Author
Listed:
- Sang-Hun Lee
(Disaster & Risk Management Laboratory, Interdisciplinary Program in Crisis & Disaster and Risk Management, Sungkyunkwan University (SKKU), Suwon 16419, Republic of Korea)
- Jisung Kim
(School of Geography, Faculty of Environment, University of Leeds, Woodhouse Lane, Leeds LS2 9JT, UK)
- Hong-Sik Yun
(Geodesy Laboratory, Civil & Architectural and Environmental System Engineering, Sungkyunkwan University (SKKU), Suwon 16419, Republic of Korea)
- Seung-Jun Lee
(Geodesy Laboratory, Civil & Architectural and Environmental System Engineering, Sungkyunkwan University (SKKU), Suwon 16419, Republic of Korea)
Abstract
Urban pluvial flood risk in industrial zones is intensifying under climate change, yet the joint influence of digital elevation model (DEM) resolution, surface roughness heterogeneity, and infiltration capacity on simulation accuracy remains insufficiently characterized.
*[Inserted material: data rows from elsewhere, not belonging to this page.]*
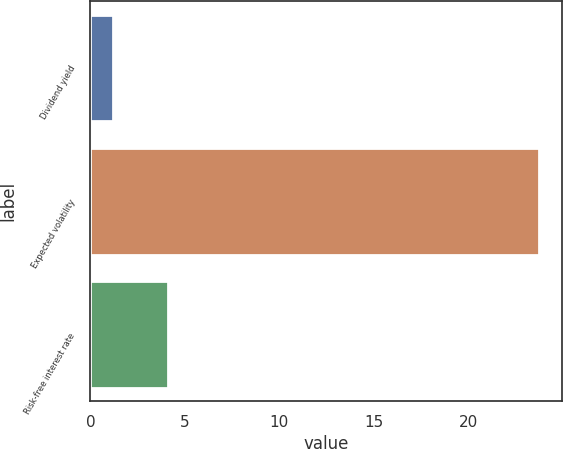<chart> <loc_0><loc_0><loc_500><loc_500><bar_chart><fcel>Dividend yield<fcel>Expected volatility<fcel>Risk-free interest rate<nl><fcel>1.2<fcel>23.77<fcel>4.13<nl></chart> 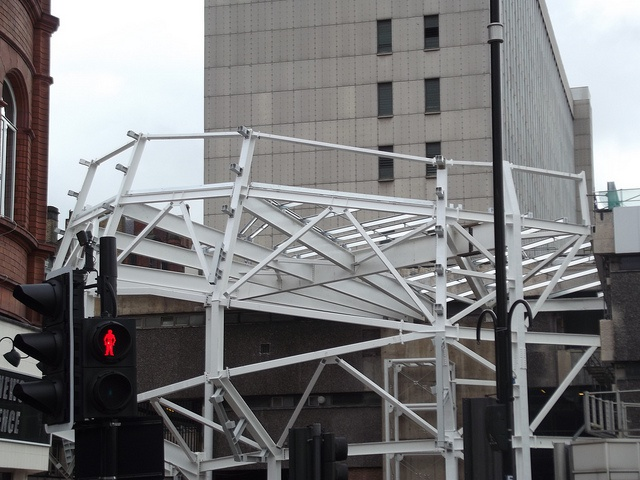Describe the objects in this image and their specific colors. I can see traffic light in black and gray tones, traffic light in black, red, maroon, and brown tones, traffic light in black, gray, and darkgray tones, and traffic light in black and darkgray tones in this image. 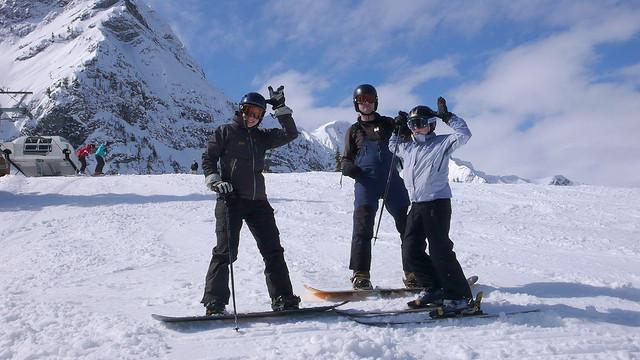How many skis are in this picture?
Answer briefly. 2. What color is his sweatshirt?
Quick response, please. Gray. Who is the shortest person in this picture?
Quick response, please. White jacket. How many people have snowboards?
Answer briefly. 2. Do they look warm?
Concise answer only. Yes. What are the men wearing on their heads?
Be succinct. Helmets. What are they about to do?
Quick response, please. Snowboard. 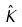<formula> <loc_0><loc_0><loc_500><loc_500>\hat { K }</formula> 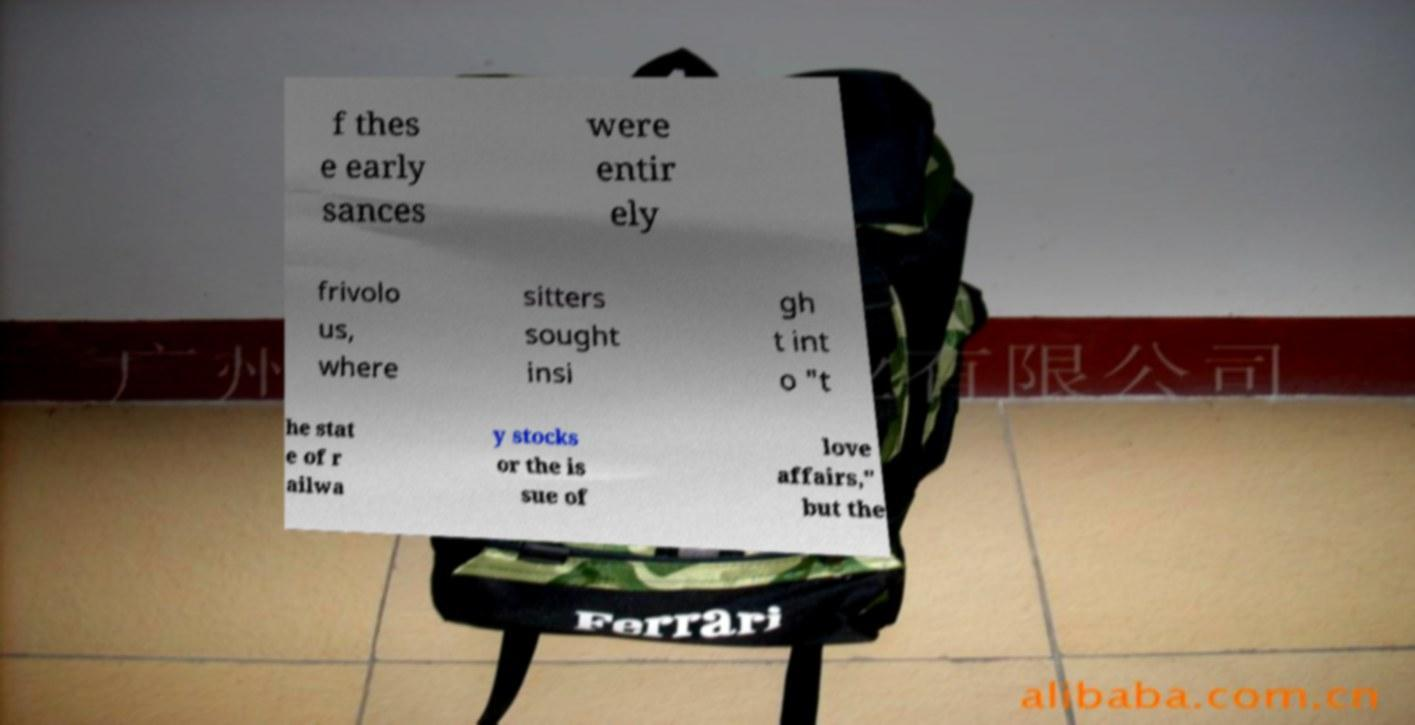There's text embedded in this image that I need extracted. Can you transcribe it verbatim? f thes e early sances were entir ely frivolo us, where sitters sought insi gh t int o "t he stat e of r ailwa y stocks or the is sue of love affairs," but the 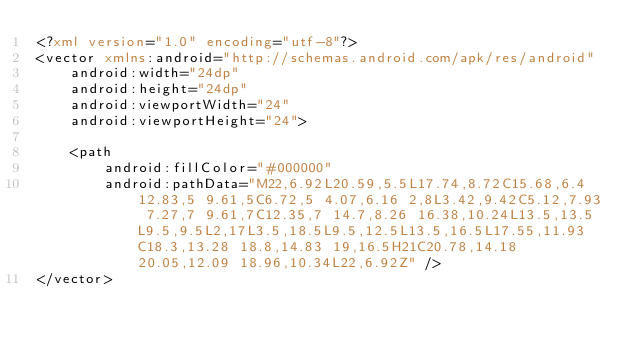Convert code to text. <code><loc_0><loc_0><loc_500><loc_500><_XML_><?xml version="1.0" encoding="utf-8"?>
<vector xmlns:android="http://schemas.android.com/apk/res/android"
    android:width="24dp"
    android:height="24dp"
    android:viewportWidth="24"
    android:viewportHeight="24">

    <path
        android:fillColor="#000000"
        android:pathData="M22,6.92L20.59,5.5L17.74,8.72C15.68,6.4 12.83,5 9.61,5C6.72,5 4.07,6.16 2,8L3.42,9.42C5.12,7.93 7.27,7 9.61,7C12.35,7 14.7,8.26 16.38,10.24L13.5,13.5L9.5,9.5L2,17L3.5,18.5L9.5,12.5L13.5,16.5L17.55,11.93C18.3,13.28 18.8,14.83 19,16.5H21C20.78,14.18 20.05,12.09 18.96,10.34L22,6.92Z" />
</vector></code> 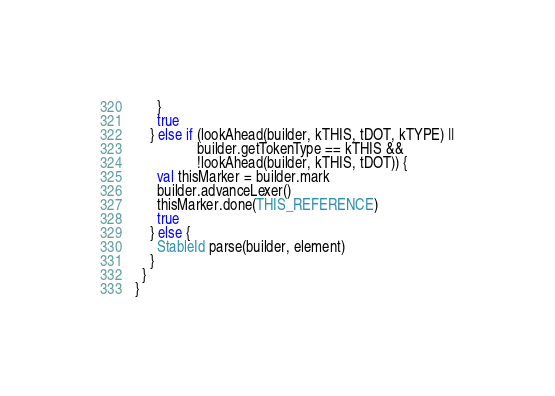Convert code to text. <code><loc_0><loc_0><loc_500><loc_500><_Scala_>      }
      true
    } else if (lookAhead(builder, kTHIS, tDOT, kTYPE) ||
                 builder.getTokenType == kTHIS &&
                 !lookAhead(builder, kTHIS, tDOT)) {
      val thisMarker = builder.mark
      builder.advanceLexer()
      thisMarker.done(THIS_REFERENCE)
      true
    } else {
      StableId parse(builder, element)
    }
  }
}</code> 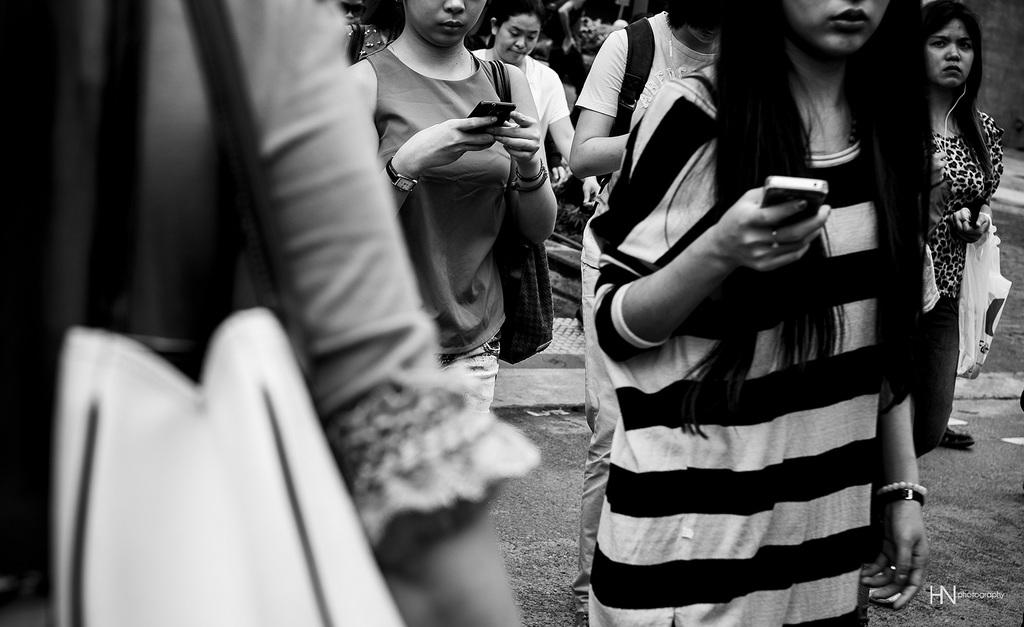How many people are in the group in the image? There is a group of persons in the image, but the exact number is not specified. What are some people in the group doing? Some people in the group are holding objects. What type of accessory can be seen on some people in the group? Some people in the group are wearing handbags. Can you tell me how many steps the rabbit takes in the image? There is no rabbit present in the image, so it is not possible to determine the number of steps it might take. 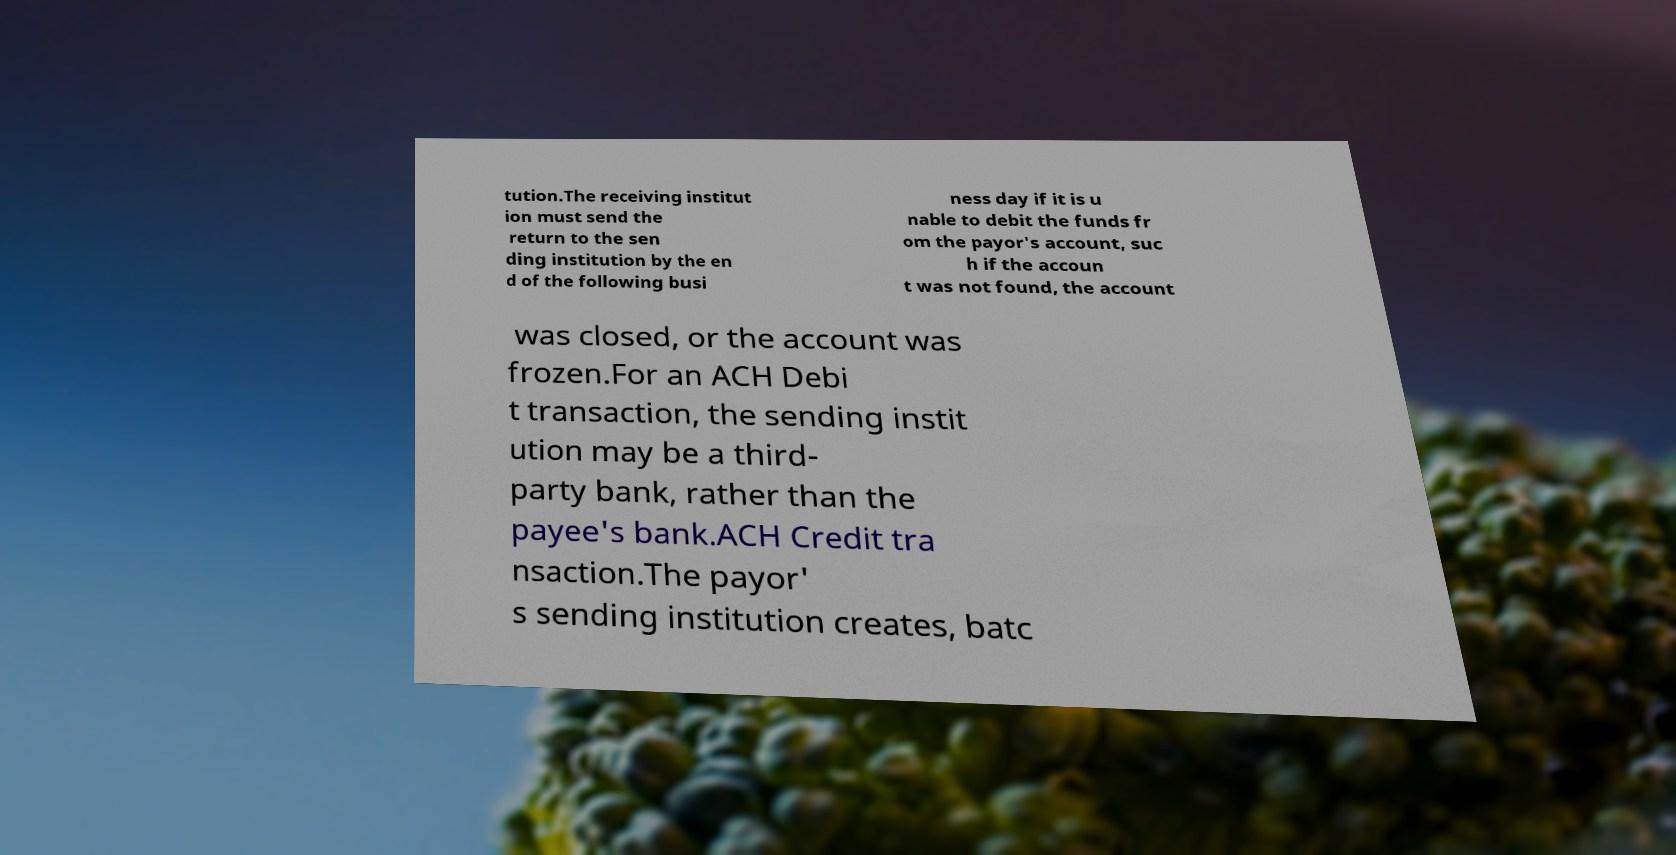There's text embedded in this image that I need extracted. Can you transcribe it verbatim? tution.The receiving institut ion must send the return to the sen ding institution by the en d of the following busi ness day if it is u nable to debit the funds fr om the payor's account, suc h if the accoun t was not found, the account was closed, or the account was frozen.For an ACH Debi t transaction, the sending instit ution may be a third- party bank, rather than the payee's bank.ACH Credit tra nsaction.The payor' s sending institution creates, batc

This study presents a comprehensive sensitivity analysis combining five DEM resolutions (0.5, 1, 2, 5, and 10 m), six rainfall scenarios (10- to 200-year return periods plus the observed event of 10 July 2024), and three infiltration rates (5, 10, and 20 mm h −1 ), yielding 90 simulation cases executed with the open-source GPU solver SynxFlow on an NVIDIA A100 80GB GPU. A spatially distributed Manning’s roughness field ( n M = 0.013–0.100 s m −1/3 ) was derived from the Ministry of Environment land cover product, replacing the conventional uniform-roughness assumption. Model performance was assessed against seven validation gauges (five flooded, two no-flood controls) compiled from contemporaneous news reports, using the 25 m × 25 m patch-maximum simulated depth at each gauge and probability of detection (POD), false alarm ratio (FAR), and critical success index (CSI). The 0.5 m baseline achieved POD = 0.80, FAR = 0.20, and CSI = 0.67 at the 5 cm depth threshold. Coarsening the grid reduced peak depth by up to 37% and flooded area by 5%, with the most rapid degradation occurring between 2 m and 5 m. A 2 m grid retained area error within 2% and volume error within 1% while delivering an approximately 33-fold runtime reduction relative to the 0.5 m baseline; the 10 m grid achieved up to ~1400× speedup, spanning three orders of magnitude across the resolution range. Resolution sensitivity intensified under higher rainfall and lower infiltration, confirming that “adequate” resolution is conditional on event severity. A tiered resolution selection matrix linking application scale, target accuracy, and computational cost is proposed to support evidence-based flood adaptation planning for industrial zones.